Я ожидала, что Витька засмеётся, покрутить пальцем у виска или вовсе стукнет. Но он серьёзно посмотрел на меня. Потом на куст бузины, за которым как раз проходил забор его участка, прищурил глаза, что-то там повыцеливался пальцами, а потом сказал:
- Так говоришь в районе дерева. Я вот чё, я это, когда забор-то ремонтировал, я заборчик-то сдвинул к себе чуток, а вы вот не заметили даже. Так, может, с моей стороны копнем завтра. Ты, главное, это, поточнее у него спроси сегодня, а.

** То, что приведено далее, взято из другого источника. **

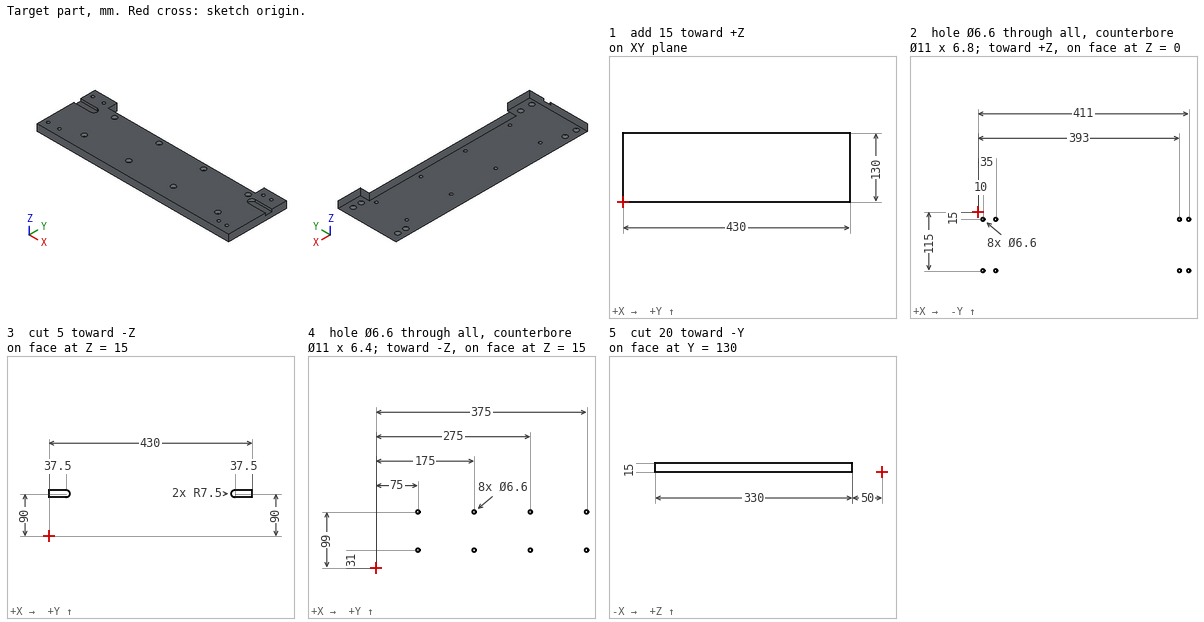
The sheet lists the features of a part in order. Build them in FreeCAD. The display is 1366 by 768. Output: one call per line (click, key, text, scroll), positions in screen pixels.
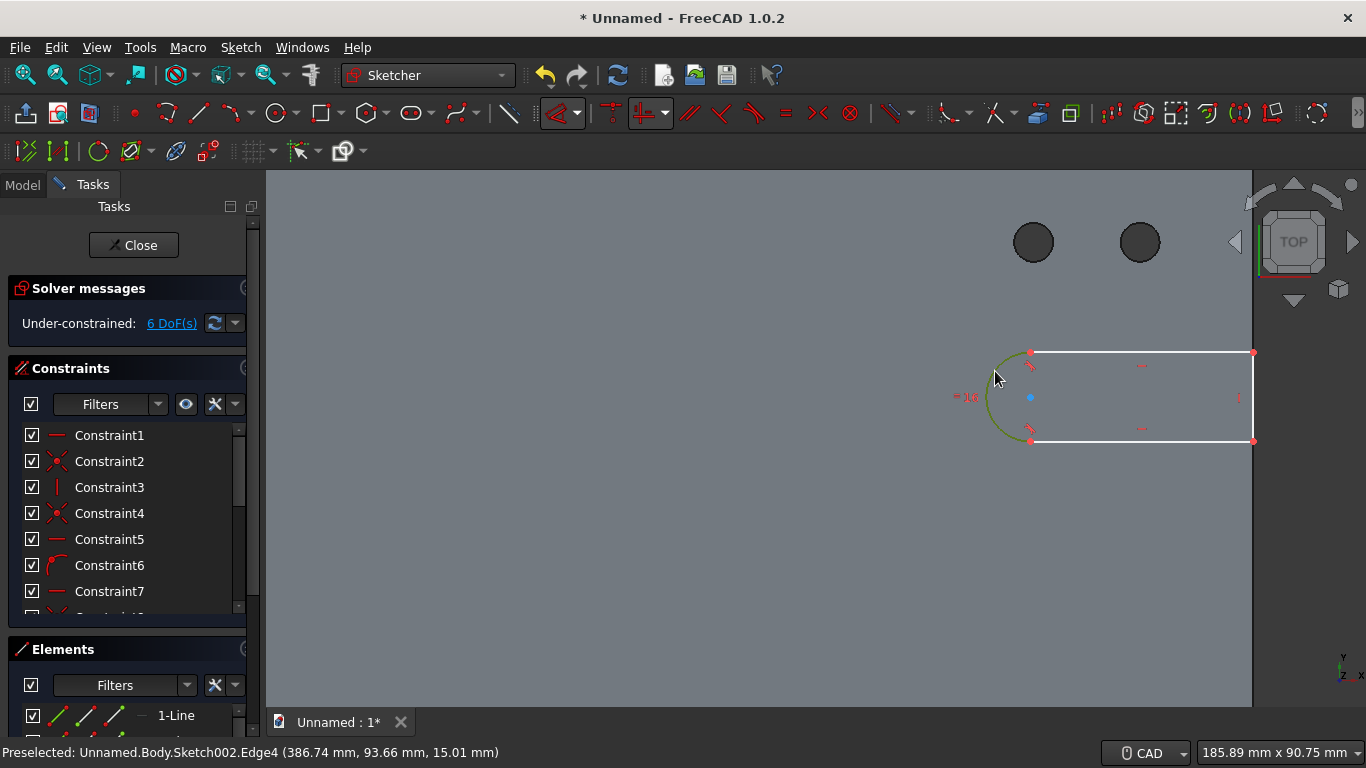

В вечернем воздухе ясно отдавался каждый звук. Где-то завелся мотоцикл, фуры гудели на трассе, лаяли собаки. «Доча! Доча!» - звали хозяйки возвращающихся с пастбищ коров. В Правый поворот зашёл катер-бакенщик, ворчливо пыхтя – значит на всю ночь. Я глянула на Витькин огород, больше напоминающий неподнятую целину и меня передернуло.